> _Task to carry out_
Each line from the opening of the records that follow to the line with "#16 toy car [585, 38, 639, 141]" needs to be written out exactly. Add nothing.
--- Data for analysis Enclosed Below ---
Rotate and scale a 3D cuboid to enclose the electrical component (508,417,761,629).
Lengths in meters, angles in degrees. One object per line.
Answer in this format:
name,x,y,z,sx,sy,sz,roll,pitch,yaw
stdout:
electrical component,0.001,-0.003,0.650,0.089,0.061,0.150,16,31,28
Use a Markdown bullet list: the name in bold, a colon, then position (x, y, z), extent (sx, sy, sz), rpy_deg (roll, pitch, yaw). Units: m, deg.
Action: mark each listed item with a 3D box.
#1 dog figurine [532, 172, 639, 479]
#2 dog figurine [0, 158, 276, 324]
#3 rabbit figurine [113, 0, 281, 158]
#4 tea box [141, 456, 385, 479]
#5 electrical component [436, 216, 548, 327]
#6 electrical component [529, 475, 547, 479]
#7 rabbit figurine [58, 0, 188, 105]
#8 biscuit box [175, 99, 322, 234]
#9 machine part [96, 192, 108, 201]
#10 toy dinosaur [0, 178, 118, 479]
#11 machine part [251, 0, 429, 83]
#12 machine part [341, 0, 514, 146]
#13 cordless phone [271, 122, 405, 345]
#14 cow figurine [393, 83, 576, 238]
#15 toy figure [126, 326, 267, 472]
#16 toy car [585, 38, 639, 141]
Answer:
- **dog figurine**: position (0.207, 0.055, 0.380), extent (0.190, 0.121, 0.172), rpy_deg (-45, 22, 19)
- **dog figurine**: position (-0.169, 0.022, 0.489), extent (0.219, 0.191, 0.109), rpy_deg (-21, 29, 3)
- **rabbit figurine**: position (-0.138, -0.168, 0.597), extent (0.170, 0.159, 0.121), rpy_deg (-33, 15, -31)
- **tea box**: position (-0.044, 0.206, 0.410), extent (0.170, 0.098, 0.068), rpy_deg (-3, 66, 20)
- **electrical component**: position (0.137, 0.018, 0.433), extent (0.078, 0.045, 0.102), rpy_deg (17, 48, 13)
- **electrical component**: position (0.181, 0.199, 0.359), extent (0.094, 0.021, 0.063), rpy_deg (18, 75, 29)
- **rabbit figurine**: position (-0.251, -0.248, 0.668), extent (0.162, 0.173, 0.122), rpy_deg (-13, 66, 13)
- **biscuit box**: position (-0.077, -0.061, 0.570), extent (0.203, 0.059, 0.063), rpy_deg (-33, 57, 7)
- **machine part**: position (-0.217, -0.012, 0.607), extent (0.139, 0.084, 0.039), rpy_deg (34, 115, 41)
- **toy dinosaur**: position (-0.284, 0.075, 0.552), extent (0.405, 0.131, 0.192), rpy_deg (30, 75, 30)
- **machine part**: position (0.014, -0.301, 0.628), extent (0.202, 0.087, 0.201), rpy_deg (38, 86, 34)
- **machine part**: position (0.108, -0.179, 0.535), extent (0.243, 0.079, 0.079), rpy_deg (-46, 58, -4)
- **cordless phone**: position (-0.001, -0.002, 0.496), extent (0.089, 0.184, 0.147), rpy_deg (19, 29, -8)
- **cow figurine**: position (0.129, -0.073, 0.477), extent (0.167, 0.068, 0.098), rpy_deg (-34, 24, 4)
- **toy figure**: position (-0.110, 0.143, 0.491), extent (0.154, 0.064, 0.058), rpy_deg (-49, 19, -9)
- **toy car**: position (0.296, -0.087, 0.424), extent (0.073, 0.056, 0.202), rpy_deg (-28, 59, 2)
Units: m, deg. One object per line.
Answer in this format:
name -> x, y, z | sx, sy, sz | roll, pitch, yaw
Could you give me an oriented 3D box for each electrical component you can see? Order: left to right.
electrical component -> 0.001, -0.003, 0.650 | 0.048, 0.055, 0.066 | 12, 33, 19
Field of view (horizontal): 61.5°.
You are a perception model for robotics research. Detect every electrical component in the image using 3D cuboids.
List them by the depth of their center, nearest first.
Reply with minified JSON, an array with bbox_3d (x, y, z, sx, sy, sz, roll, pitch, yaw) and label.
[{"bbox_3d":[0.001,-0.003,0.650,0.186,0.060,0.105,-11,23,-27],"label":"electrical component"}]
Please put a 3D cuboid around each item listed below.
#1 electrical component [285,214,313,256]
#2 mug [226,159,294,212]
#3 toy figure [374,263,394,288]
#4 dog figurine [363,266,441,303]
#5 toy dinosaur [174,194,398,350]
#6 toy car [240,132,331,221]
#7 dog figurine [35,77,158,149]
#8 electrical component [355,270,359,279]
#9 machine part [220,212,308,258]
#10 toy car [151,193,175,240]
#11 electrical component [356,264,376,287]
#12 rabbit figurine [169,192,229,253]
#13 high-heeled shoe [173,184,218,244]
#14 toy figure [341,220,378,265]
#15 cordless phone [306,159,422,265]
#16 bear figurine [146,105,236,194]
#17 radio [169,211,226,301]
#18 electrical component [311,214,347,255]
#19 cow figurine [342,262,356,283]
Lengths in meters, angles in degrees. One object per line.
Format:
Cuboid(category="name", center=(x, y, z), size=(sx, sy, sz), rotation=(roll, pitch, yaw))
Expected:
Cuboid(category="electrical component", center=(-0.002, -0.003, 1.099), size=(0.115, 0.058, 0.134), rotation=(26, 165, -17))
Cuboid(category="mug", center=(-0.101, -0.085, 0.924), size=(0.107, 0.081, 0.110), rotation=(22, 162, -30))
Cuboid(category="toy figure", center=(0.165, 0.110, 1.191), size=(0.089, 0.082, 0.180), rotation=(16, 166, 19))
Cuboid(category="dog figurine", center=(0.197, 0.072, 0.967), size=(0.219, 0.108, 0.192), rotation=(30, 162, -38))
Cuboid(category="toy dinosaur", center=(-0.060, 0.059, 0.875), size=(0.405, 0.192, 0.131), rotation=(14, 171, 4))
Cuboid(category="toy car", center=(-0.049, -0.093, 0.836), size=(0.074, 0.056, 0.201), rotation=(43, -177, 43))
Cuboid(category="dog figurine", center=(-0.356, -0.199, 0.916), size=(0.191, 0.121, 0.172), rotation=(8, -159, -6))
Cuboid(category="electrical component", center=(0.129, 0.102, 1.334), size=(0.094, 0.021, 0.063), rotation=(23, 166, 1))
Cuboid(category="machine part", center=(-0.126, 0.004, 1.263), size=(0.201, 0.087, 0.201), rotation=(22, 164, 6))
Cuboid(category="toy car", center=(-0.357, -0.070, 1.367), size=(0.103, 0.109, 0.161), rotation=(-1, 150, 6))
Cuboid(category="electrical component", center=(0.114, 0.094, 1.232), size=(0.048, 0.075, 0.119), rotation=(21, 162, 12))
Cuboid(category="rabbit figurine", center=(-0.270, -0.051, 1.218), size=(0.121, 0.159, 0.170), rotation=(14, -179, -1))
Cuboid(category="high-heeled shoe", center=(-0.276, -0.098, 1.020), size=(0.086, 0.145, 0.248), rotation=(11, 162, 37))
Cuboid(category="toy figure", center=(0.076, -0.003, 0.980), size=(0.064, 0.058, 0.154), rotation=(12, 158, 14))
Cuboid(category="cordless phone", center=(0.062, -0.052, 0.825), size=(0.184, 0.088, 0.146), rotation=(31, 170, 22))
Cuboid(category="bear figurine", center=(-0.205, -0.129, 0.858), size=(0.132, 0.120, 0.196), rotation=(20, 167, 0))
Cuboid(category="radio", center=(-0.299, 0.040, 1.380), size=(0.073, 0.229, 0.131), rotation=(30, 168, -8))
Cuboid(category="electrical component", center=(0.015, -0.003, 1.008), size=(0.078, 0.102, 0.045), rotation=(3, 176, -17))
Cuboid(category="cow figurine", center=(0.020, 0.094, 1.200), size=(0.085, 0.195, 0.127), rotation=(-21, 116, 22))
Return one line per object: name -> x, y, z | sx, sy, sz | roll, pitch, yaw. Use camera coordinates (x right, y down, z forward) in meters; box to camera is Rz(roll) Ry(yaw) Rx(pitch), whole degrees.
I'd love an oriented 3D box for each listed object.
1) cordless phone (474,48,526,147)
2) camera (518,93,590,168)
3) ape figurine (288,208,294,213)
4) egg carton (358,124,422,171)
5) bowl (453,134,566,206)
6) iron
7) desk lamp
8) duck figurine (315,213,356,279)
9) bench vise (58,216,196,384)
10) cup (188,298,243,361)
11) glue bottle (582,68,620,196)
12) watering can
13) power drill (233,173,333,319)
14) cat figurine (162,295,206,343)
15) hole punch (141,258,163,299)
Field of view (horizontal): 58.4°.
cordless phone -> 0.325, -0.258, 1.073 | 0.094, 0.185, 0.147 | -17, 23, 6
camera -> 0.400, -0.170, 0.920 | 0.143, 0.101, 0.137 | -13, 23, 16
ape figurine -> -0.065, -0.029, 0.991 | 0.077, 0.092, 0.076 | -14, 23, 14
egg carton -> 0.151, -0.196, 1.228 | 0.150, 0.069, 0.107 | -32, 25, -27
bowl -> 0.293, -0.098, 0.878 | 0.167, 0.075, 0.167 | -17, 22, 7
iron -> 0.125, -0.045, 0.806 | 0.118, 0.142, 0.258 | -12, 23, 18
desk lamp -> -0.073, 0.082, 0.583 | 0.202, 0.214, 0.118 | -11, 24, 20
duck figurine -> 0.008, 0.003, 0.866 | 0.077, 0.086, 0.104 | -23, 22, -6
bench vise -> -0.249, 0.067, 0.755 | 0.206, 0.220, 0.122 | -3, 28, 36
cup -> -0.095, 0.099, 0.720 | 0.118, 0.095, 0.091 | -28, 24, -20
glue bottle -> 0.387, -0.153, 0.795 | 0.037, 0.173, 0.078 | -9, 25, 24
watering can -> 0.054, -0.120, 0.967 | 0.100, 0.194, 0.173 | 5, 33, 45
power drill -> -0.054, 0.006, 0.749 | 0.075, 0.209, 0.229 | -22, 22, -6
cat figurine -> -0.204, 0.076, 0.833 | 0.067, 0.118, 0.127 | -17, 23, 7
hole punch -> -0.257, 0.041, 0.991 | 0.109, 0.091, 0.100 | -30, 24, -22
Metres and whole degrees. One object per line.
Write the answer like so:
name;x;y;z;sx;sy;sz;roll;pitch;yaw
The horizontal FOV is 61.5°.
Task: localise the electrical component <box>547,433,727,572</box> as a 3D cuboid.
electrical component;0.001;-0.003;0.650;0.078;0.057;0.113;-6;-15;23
--- End of Enclosed Data for analysis ---
> _Solved exercise_
Rotate and scale a 3D cuboid to enclose the electrical component (508,417,761,629).
Lengths in meters, angles in degrees. One object per line.
Answer in this format:
name,x,y,z,sx,sy,sz,roll,pitch,yaw
stdout:
electrical component,0.001,-0.003,0.650,0.089,0.061,0.150,16,31,28
Use a Markdown bullet list: the name in bold, a colon, then position (x, y, z), extent (sx, sy, sz), rpy_deg (roll, pitch, yaw). Units: m, deg.
Action: mark each listed item with a 3D box.
#1 dog figurine [532, 172, 639, 479]
#2 dog figurine [0, 158, 276, 324]
#3 rabbit figurine [113, 0, 281, 158]
#4 tea box [141, 456, 385, 479]
#5 electrical component [436, 216, 548, 327]
#6 electrical component [529, 475, 547, 479]
#7 rabbit figurine [58, 0, 188, 105]
#8 biscuit box [175, 99, 322, 234]
#9 machine part [96, 192, 108, 201]
#10 toy dinosaur [0, 178, 118, 479]
#11 machine part [251, 0, 429, 83]
#12 machine part [341, 0, 514, 146]
#13 cordless phone [271, 122, 405, 345]
#14 cow figurine [393, 83, 576, 238]
#15 toy figure [126, 326, 267, 472]
#16 toy car [585, 38, 639, 141]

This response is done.